* **Action item**
Please reproduce each line of the data below as it stands.

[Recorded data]
⟨

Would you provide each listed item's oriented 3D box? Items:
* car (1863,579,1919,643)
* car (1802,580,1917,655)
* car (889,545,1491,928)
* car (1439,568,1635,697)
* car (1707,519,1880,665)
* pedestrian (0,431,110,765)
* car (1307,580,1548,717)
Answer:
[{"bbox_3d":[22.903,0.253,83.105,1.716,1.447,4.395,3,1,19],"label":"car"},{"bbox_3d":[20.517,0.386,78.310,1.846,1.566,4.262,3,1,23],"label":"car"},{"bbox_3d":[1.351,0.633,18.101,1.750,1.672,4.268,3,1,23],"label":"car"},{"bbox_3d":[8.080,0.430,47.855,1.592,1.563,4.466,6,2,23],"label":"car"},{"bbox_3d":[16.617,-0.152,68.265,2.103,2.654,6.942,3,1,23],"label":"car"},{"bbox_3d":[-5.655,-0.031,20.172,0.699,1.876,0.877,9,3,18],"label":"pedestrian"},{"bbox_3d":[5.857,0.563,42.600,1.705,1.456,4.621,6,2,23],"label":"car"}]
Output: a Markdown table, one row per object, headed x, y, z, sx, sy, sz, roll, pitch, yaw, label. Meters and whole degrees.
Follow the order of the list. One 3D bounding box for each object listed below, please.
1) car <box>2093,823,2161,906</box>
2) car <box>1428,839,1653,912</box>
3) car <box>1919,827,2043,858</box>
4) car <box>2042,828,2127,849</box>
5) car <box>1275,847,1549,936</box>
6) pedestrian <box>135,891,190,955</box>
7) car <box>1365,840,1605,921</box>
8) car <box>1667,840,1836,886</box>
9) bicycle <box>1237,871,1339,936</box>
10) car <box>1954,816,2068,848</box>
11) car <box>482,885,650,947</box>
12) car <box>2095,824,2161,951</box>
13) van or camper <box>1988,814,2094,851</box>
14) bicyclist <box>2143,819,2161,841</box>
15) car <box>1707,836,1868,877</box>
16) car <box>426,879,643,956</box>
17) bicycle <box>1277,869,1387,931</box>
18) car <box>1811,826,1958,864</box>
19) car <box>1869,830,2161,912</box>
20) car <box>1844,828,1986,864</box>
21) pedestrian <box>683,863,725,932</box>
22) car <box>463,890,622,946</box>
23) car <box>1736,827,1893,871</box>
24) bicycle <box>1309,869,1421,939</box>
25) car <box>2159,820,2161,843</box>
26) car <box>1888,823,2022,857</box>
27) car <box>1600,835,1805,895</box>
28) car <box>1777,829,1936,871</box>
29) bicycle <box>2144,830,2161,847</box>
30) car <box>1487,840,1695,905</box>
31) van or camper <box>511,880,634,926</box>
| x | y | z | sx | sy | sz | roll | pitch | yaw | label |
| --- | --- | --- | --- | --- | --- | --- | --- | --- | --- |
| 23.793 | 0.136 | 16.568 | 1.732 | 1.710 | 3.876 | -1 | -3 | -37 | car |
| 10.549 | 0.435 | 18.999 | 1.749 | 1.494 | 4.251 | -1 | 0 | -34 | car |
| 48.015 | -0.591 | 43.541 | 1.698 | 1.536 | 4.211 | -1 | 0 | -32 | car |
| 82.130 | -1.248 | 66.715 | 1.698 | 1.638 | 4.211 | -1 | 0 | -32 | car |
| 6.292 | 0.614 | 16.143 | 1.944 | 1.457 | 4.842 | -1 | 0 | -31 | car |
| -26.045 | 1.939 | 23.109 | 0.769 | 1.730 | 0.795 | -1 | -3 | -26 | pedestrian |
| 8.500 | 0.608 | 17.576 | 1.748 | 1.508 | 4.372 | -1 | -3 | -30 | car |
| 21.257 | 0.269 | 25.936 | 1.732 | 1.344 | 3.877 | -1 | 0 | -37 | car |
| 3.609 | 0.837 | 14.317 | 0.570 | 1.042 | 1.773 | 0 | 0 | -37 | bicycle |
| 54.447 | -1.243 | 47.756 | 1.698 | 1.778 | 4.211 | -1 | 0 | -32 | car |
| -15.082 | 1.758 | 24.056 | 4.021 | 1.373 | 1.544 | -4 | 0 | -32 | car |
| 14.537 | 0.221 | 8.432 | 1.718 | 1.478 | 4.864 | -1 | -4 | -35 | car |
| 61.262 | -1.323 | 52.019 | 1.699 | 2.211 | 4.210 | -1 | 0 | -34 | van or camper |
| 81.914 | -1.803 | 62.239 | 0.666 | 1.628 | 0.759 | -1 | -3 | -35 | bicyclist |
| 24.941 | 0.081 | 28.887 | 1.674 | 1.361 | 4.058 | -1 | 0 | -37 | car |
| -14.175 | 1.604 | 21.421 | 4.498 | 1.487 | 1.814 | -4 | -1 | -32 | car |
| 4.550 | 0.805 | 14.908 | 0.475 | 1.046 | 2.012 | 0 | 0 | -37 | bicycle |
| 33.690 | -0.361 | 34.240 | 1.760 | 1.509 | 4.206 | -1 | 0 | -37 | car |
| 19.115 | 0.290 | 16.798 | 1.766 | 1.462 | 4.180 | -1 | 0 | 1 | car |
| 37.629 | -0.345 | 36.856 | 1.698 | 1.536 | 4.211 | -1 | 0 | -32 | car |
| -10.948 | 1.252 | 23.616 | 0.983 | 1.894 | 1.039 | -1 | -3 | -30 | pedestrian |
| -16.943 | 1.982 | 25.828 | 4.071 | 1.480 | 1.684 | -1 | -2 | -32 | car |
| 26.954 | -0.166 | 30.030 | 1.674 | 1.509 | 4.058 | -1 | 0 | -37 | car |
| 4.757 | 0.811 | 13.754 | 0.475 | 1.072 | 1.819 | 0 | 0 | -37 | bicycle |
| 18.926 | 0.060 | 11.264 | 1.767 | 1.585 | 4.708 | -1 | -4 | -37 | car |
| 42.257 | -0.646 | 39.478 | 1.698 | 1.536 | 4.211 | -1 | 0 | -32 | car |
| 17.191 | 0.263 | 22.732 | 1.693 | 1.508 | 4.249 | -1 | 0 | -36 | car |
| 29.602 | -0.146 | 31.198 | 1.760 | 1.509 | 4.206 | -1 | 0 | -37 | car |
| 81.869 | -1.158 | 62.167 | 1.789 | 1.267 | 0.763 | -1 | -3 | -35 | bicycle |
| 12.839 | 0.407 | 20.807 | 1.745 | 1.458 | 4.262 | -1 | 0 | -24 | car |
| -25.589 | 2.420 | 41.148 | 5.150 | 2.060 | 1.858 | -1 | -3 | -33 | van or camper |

⟩

* **Written solution**
Would you provide each listed item's oriented 3D box? Items:
* car (1863,579,1919,643)
* car (1802,580,1917,655)
* car (889,545,1491,928)
* car (1439,568,1635,697)
* car (1707,519,1880,665)
* pedestrian (0,431,110,765)
* car (1307,580,1548,717)
Answer:
[{"bbox_3d":[22.903,0.253,83.105,1.716,1.447,4.395,3,1,19],"label":"car"},{"bbox_3d":[20.517,0.386,78.310,1.846,1.566,4.262,3,1,23],"label":"car"},{"bbox_3d":[1.351,0.633,18.101,1.750,1.672,4.268,3,1,23],"label":"car"},{"bbox_3d":[8.080,0.430,47.855,1.592,1.563,4.466,6,2,23],"label":"car"},{"bbox_3d":[16.617,-0.152,68.265,2.103,2.654,6.942,3,1,23],"label":"car"},{"bbox_3d":[-5.655,-0.031,20.172,0.699,1.876,0.877,9,3,18],"label":"pedestrian"},{"bbox_3d":[5.857,0.563,42.600,1.705,1.456,4.621,6,2,23],"label":"car"}]
Output: a Markdown table, one row per object, headed x, y, z, sx, sy, sz, roll, pitch, yaw, label. Meters and whole degrees.
Follow the order of the list. One 3D bounding box for each object listed below, please.
1) car <box>2093,823,2161,906</box>
2) car <box>1428,839,1653,912</box>
3) car <box>1919,827,2043,858</box>
4) car <box>2042,828,2127,849</box>
5) car <box>1275,847,1549,936</box>
6) pedestrian <box>135,891,190,955</box>
7) car <box>1365,840,1605,921</box>
8) car <box>1667,840,1836,886</box>
9) bicycle <box>1237,871,1339,936</box>
10) car <box>1954,816,2068,848</box>
11) car <box>482,885,650,947</box>
12) car <box>2095,824,2161,951</box>
13) van or camper <box>1988,814,2094,851</box>
14) bicyclist <box>2143,819,2161,841</box>
15) car <box>1707,836,1868,877</box>
16) car <box>426,879,643,956</box>
17) bicycle <box>1277,869,1387,931</box>
18) car <box>1811,826,1958,864</box>
19) car <box>1869,830,2161,912</box>
20) car <box>1844,828,1986,864</box>
21) pedestrian <box>683,863,725,932</box>
22) car <box>463,890,622,946</box>
23) car <box>1736,827,1893,871</box>
24) bicycle <box>1309,869,1421,939</box>
25) car <box>2159,820,2161,843</box>
26) car <box>1888,823,2022,857</box>
27) car <box>1600,835,1805,895</box>
28) car <box>1777,829,1936,871</box>
29) bicycle <box>2144,830,2161,847</box>
30) car <box>1487,840,1695,905</box>
31) van or camper <box>511,880,634,926</box>
| x | y | z | sx | sy | sz | roll | pitch | yaw | label |
| --- | --- | --- | --- | --- | --- | --- | --- | --- | --- |
| 23.793 | 0.136 | 16.568 | 1.732 | 1.710 | 3.876 | -1 | -3 | -37 | car |
| 10.549 | 0.435 | 18.999 | 1.749 | 1.494 | 4.251 | -1 | 0 | -34 | car |
| 48.015 | -0.591 | 43.541 | 1.698 | 1.536 | 4.211 | -1 | 0 | -32 | car |
| 82.130 | -1.248 | 66.715 | 1.698 | 1.638 | 4.211 | -1 | 0 | -32 | car |
| 6.292 | 0.614 | 16.143 | 1.944 | 1.457 | 4.842 | -1 | 0 | -31 | car |
| -26.045 | 1.939 | 23.109 | 0.769 | 1.730 | 0.795 | -1 | -3 | -26 | pedestrian |
| 8.500 | 0.608 | 17.576 | 1.748 | 1.508 | 4.372 | -1 | -3 | -30 | car |
| 21.257 | 0.269 | 25.936 | 1.732 | 1.344 | 3.877 | -1 | 0 | -37 | car |
| 3.609 | 0.837 | 14.317 | 0.570 | 1.042 | 1.773 | 0 | 0 | -37 | bicycle |
| 54.447 | -1.243 | 47.756 | 1.698 | 1.778 | 4.211 | -1 | 0 | -32 | car |
| -15.082 | 1.758 | 24.056 | 4.021 | 1.373 | 1.544 | -4 | 0 | -32 | car |
| 14.537 | 0.221 | 8.432 | 1.718 | 1.478 | 4.864 | -1 | -4 | -35 | car |
| 61.262 | -1.323 | 52.019 | 1.699 | 2.211 | 4.210 | -1 | 0 | -34 | van or camper |
| 81.914 | -1.803 | 62.239 | 0.666 | 1.628 | 0.759 | -1 | -3 | -35 | bicyclist |
| 24.941 | 0.081 | 28.887 | 1.674 | 1.361 | 4.058 | -1 | 0 | -37 | car |
| -14.175 | 1.604 | 21.421 | 4.498 | 1.487 | 1.814 | -4 | -1 | -32 | car |
| 4.550 | 0.805 | 14.908 | 0.475 | 1.046 | 2.012 | 0 | 0 | -37 | bicycle |
| 33.690 | -0.361 | 34.240 | 1.760 | 1.509 | 4.206 | -1 | 0 | -37 | car |
| 19.115 | 0.290 | 16.798 | 1.766 | 1.462 | 4.180 | -1 | 0 | 1 | car |
| 37.629 | -0.345 | 36.856 | 1.698 | 1.536 | 4.211 | -1 | 0 | -32 | car |
| -10.948 | 1.252 | 23.616 | 0.983 | 1.894 | 1.039 | -1 | -3 | -30 | pedestrian |
| -16.943 | 1.982 | 25.828 | 4.071 | 1.480 | 1.684 | -1 | -2 | -32 | car |
| 26.954 | -0.166 | 30.030 | 1.674 | 1.509 | 4.058 | -1 | 0 | -37 | car |
| 4.757 | 0.811 | 13.754 | 0.475 | 1.072 | 1.819 | 0 | 0 | -37 | bicycle |
| 18.926 | 0.060 | 11.264 | 1.767 | 1.585 | 4.708 | -1 | -4 | -37 | car |
| 42.257 | -0.646 | 39.478 | 1.698 | 1.536 | 4.211 | -1 | 0 | -32 | car |
| 17.191 | 0.263 | 22.732 | 1.693 | 1.508 | 4.249 | -1 | 0 | -36 | car |
| 29.602 | -0.146 | 31.198 | 1.760 | 1.509 | 4.206 | -1 | 0 | -37 | car |
| 81.869 | -1.158 | 62.167 | 1.789 | 1.267 | 0.763 | -1 | -3 | -35 | bicycle |
| 12.839 | 0.407 | 20.807 | 1.745 | 1.458 | 4.262 | -1 | 0 | -24 | car |
| -25.589 | 2.420 | 41.148 | 5.150 | 2.060 | 1.858 | -1 | -3 | -33 | van or camper |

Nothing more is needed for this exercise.